## What the task asks
All the lines below should be set down exactly, with no picture carried into the copy.
━━━━
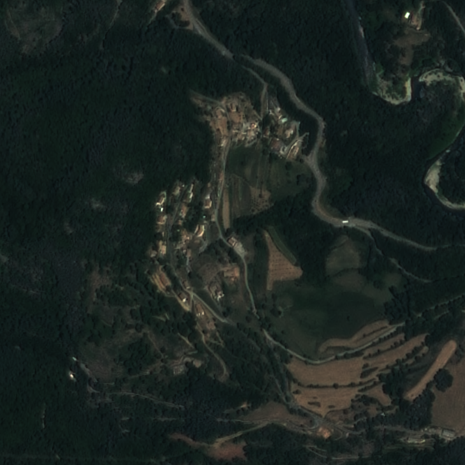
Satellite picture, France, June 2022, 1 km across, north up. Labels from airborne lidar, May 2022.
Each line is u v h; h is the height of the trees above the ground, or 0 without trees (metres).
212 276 0
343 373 0
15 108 16
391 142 18
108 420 22
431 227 23
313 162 0
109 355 0
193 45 20
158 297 19
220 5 8
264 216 17
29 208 12
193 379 14
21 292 8
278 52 18
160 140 7
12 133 16
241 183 0
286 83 0
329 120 16
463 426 0
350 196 24
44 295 9
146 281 15
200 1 11
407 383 0
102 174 12
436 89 8
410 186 7
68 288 17
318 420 0
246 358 17
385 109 21
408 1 0
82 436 21
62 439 20
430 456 12
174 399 13
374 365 0
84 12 18
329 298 0
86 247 20
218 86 13
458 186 18
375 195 22
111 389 13
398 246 22
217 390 14
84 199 13
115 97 20
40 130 17
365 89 22
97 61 21
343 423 0
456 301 13
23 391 21
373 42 20
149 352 15
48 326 30
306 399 0
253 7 18
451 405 0
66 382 11
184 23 13
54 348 20
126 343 0
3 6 18
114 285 12
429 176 0
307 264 9
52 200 12
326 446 7
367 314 0
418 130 19
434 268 17
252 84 8
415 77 0
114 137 20
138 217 21
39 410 11
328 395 0
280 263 0
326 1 14
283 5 13
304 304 0
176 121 18
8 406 16
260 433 8
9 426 15
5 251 11
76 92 41
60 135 15
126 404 8
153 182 18
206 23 15
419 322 16
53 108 29
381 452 12
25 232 9
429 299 20
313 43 23
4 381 22
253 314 7
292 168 12
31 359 20
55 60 20
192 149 11
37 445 16
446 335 16
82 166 12
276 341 16
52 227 10
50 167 19
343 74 26
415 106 14
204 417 20
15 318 25
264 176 0
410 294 16
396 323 16
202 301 0
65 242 15
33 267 8
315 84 23
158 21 16
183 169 19
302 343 0
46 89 19
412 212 26
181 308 0
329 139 8
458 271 22
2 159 18
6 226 9
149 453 19
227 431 26
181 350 0
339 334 0
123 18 7
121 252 17
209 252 7
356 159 11
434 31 10
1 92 22
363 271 10
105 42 18
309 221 24
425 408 13
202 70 19
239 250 0
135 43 22
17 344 16
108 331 0
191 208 6
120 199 12
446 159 11
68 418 19
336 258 0
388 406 0
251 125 0
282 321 0
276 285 0
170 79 22
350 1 0
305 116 11
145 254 16
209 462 25
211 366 11
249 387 14
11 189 20
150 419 9
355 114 23
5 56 16
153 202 13
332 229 16
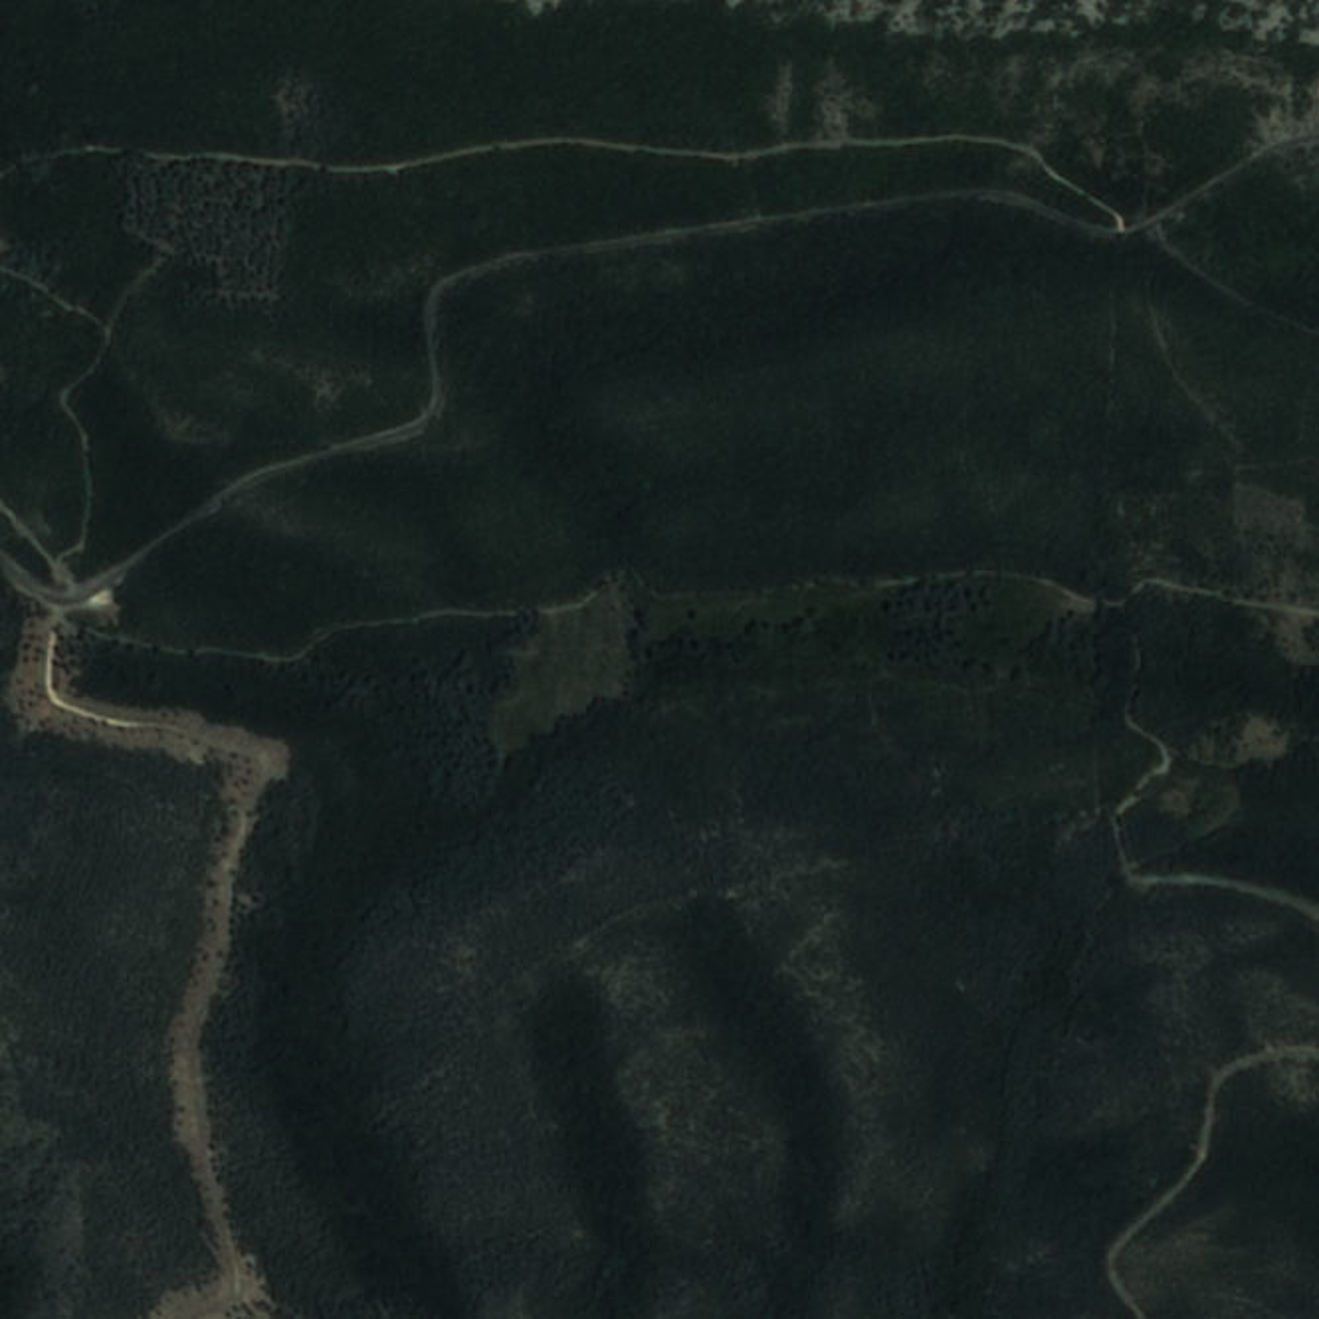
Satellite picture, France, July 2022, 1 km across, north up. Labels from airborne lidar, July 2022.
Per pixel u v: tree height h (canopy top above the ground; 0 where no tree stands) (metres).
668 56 8
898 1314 13
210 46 7
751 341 11
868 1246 6
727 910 7
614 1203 12
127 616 6
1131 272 7
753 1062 6
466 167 8
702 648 19
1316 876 5
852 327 6
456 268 8
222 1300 0
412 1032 6
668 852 9
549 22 7
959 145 5
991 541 7
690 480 7
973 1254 13
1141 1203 6
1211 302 6
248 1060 8
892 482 6
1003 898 6
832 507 8
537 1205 6
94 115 9
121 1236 7
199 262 13
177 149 8
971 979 11
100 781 8
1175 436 7
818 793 6
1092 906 6
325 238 6
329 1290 8
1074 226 6
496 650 16
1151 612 10
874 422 7
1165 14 6
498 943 7
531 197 7
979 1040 6
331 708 15
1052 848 8
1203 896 6
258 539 8
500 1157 6
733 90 8
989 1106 8
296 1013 6
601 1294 9
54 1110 7
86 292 5
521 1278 6
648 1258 8
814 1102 12
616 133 7
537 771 10
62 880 7
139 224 10
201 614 5
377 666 5
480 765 16
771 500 7
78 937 7
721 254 8
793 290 9
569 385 9
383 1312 18
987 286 6
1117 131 6
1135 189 7
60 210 6
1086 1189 6
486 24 9
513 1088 6
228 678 6
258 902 15
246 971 16
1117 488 6
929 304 8
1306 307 8
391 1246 14
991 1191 12
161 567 9
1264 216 7
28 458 6
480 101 8
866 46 7
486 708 18
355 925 6
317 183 12
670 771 6
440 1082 6
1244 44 6
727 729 5
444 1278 10
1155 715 8
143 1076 6
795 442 5
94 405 6
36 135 10
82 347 7
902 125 6
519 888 7
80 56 9
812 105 5
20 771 7
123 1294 9
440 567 7
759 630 18
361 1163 11
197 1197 6
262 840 9
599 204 6
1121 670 7
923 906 7
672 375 7
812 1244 9
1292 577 0
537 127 6
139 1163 8
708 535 6
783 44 6
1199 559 8
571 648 0
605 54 8
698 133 6
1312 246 6
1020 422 7
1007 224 9
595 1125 10
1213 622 6
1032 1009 12
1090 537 6
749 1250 6
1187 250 5
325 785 6
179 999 7
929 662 10
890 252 10
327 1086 12
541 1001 7
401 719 6
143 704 8
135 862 8
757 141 6
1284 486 6
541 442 8
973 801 6
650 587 12
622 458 9
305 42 6
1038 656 7
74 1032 7
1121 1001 8
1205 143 5
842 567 9
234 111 6
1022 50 6
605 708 11
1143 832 7
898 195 6
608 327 10
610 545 11
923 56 6
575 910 6
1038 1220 6
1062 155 6
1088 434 6
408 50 7
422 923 6
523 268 6
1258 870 7
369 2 7
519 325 6
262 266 14
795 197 6
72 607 0
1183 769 8
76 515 6
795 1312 10
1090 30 6
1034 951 9
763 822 6
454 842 9
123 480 6
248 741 0
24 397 6
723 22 7
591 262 7
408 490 8
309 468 6
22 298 9
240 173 14
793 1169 9
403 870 7
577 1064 11
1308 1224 8
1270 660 8
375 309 6
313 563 7
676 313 7
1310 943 5
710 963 13
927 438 6
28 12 12
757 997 12
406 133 6
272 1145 11
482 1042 6
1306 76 6
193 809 6
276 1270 11
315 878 5
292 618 7
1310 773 10
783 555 8
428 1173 9
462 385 6
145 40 7
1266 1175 7
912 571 10
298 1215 8
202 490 5
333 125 11
━━━━
## Solution to this exercise
Satellite picture, France, June 2022, 1 km across, north up. Labels from airborne lidar, May 2022.
Each line is u v h; h is the height of the trees above the ground, or 0 without trees (metres).
212 276 0
343 373 0
15 108 16
391 142 18
108 420 22
431 227 23
313 162 0
109 355 0
193 45 20
158 297 19
220 5 8
264 216 17
29 208 12
193 379 14
21 292 8
278 52 18
160 140 7
12 133 16
241 183 0
286 83 0
329 120 16
463 426 0
350 196 24
44 295 9
146 281 15
200 1 11
407 383 0
102 174 12
436 89 8
410 186 7
68 288 17
318 420 0
246 358 17
385 109 21
408 1 0
82 436 21
62 439 20
430 456 12
174 399 13
374 365 0
84 12 18
329 298 0
86 247 20
218 86 13
458 186 18
375 195 22
111 389 13
398 246 22
217 390 14
84 199 13
115 97 20
40 130 17
365 89 22
97 61 21
343 423 0
456 301 13
23 391 21
373 42 20
149 352 15
48 326 30
306 399 0
253 7 18
451 405 0
66 382 11
184 23 13
54 348 20
126 343 0
3 6 18
114 285 12
429 176 0
307 264 9
52 200 12
326 446 7
367 314 0
418 130 19
434 268 17
252 84 8
415 77 0
114 137 20
138 217 21
39 410 11
328 395 0
280 263 0
326 1 14
283 5 13
304 304 0
176 121 18
8 406 16
260 433 8
9 426 15
5 251 11
76 92 41
60 135 15
126 404 8
153 182 18
206 23 15
419 322 16
53 108 29
381 452 12
25 232 9
429 299 20
313 43 23
4 381 22
253 314 7
292 168 12
31 359 20
55 60 20
192 149 11
37 445 16
446 335 16
82 166 12
276 341 16
52 227 10
50 167 19
343 74 26
415 106 14
204 417 20
15 318 25
264 176 0
410 294 16
396 323 16
202 301 0
65 242 15
33 267 8
315 84 23
158 21 16
183 169 19
302 343 0
46 89 19
412 212 26
181 308 0
329 139 8
458 271 22
2 159 18
6 226 9
149 453 19
227 431 26
181 350 0
339 334 0
123 18 7
121 252 17
209 252 7
356 159 11
434 31 10
1 92 22
363 271 10
105 42 18
309 221 24
425 408 13
202 70 19
239 250 0
135 43 22
17 344 16
108 331 0
191 208 6
120 199 12
446 159 11
68 418 19
336 258 0
388 406 0
251 125 0
282 321 0
276 285 0
170 79 22
350 1 0
305 116 11
145 254 16
209 462 25
211 366 11
249 387 14
11 189 20
150 419 9
355 114 23
5 56 16
153 202 13
332 229 16
Satellite picture, France, July 2022, 1 km across, north up. Labels from airborne lidar, July 2022.
Per pixel u v: tree height h (canopy top above the ground; 0 where no tree stands) (metres).
668 56 8
898 1314 13
210 46 7
751 341 11
868 1246 6
727 910 7
614 1203 12
127 616 6
1131 272 7
753 1062 6
466 167 8
702 648 19
1316 876 5
852 327 6
456 268 8
222 1300 0
412 1032 6
668 852 9
549 22 7
959 145 5
991 541 7
690 480 7
973 1254 13
1141 1203 6
1211 302 6
248 1060 8
892 482 6
1003 898 6
832 507 8
537 1205 6
94 115 9
121 1236 7
199 262 13
177 149 8
971 979 11
100 781 8
1175 436 7
818 793 6
1092 906 6
325 238 6
329 1290 8
1074 226 6
496 650 16
1151 612 10
874 422 7
1165 14 6
498 943 7
531 197 7
979 1040 6
331 708 15
1052 848 8
1203 896 6
258 539 8
500 1157 6
733 90 8
989 1106 8
296 1013 6
601 1294 9
54 1110 7
86 292 5
521 1278 6
648 1258 8
814 1102 12
616 133 7
537 771 10
62 880 7
139 224 10
201 614 5
377 666 5
480 765 16
771 500 7
78 937 7
721 254 8
793 290 9
569 385 9
383 1312 18
987 286 6
1117 131 6
1135 189 7
60 210 6
1086 1189 6
486 24 9
513 1088 6
228 678 6
258 902 15
246 971 16
1117 488 6
929 304 8
1306 307 8
391 1246 14
991 1191 12
161 567 9
1264 216 7
28 458 6
480 101 8
866 46 7
486 708 18
355 925 6
317 183 12
670 771 6
440 1082 6
1244 44 6
727 729 5
444 1278 10
1155 715 8
143 1076 6
795 442 5
94 405 6
36 135 10
82 347 7
902 125 6
519 888 7
80 56 9
812 105 5
20 771 7
123 1294 9
440 567 7
759 630 18
361 1163 11
197 1197 6
262 840 9
599 204 6
1121 670 7
923 906 7
672 375 7
812 1244 9
1292 577 0
537 127 6
139 1163 8
708 535 6
783 44 6
1199 559 8
571 648 0
605 54 8
698 133 6
1312 246 6
1020 422 7
1007 224 9
595 1125 10
1213 622 6
1032 1009 12
1090 537 6
749 1250 6
1187 250 5
325 785 6
179 999 7
929 662 10
890 252 10
327 1086 12
541 1001 7
401 719 6
143 704 8
135 862 8
757 141 6
1284 486 6
541 442 8
973 801 6
650 587 12
622 458 9
305 42 6
1038 656 7
74 1032 7
1121 1001 8
1205 143 5
842 567 9
234 111 6
1022 50 6
605 708 11
1143 832 7
898 195 6
608 327 10
610 545 11
923 56 6
575 910 6
1038 1220 6
1062 155 6
1088 434 6
408 50 7
422 923 6
523 268 6
1258 870 7
369 2 7
519 325 6
262 266 14
795 197 6
72 607 0
1183 769 8
76 515 6
795 1312 10
1090 30 6
1034 951 9
763 822 6
454 842 9
123 480 6
248 741 0
24 397 6
723 22 7
591 262 7
408 490 8
309 468 6
22 298 9
240 173 14
793 1169 9
403 870 7
577 1064 11
1308 1224 8
1270 660 8
375 309 6
313 563 7
676 313 7
1310 943 5
710 963 13
927 438 6
28 12 12
757 997 12
406 133 6
272 1145 11
482 1042 6
1306 76 6
193 809 6
276 1270 11
315 878 5
292 618 7
1310 773 10
783 555 8
428 1173 9
462 385 6
145 40 7
1266 1175 7
912 571 10
298 1215 8
202 490 5
333 125 11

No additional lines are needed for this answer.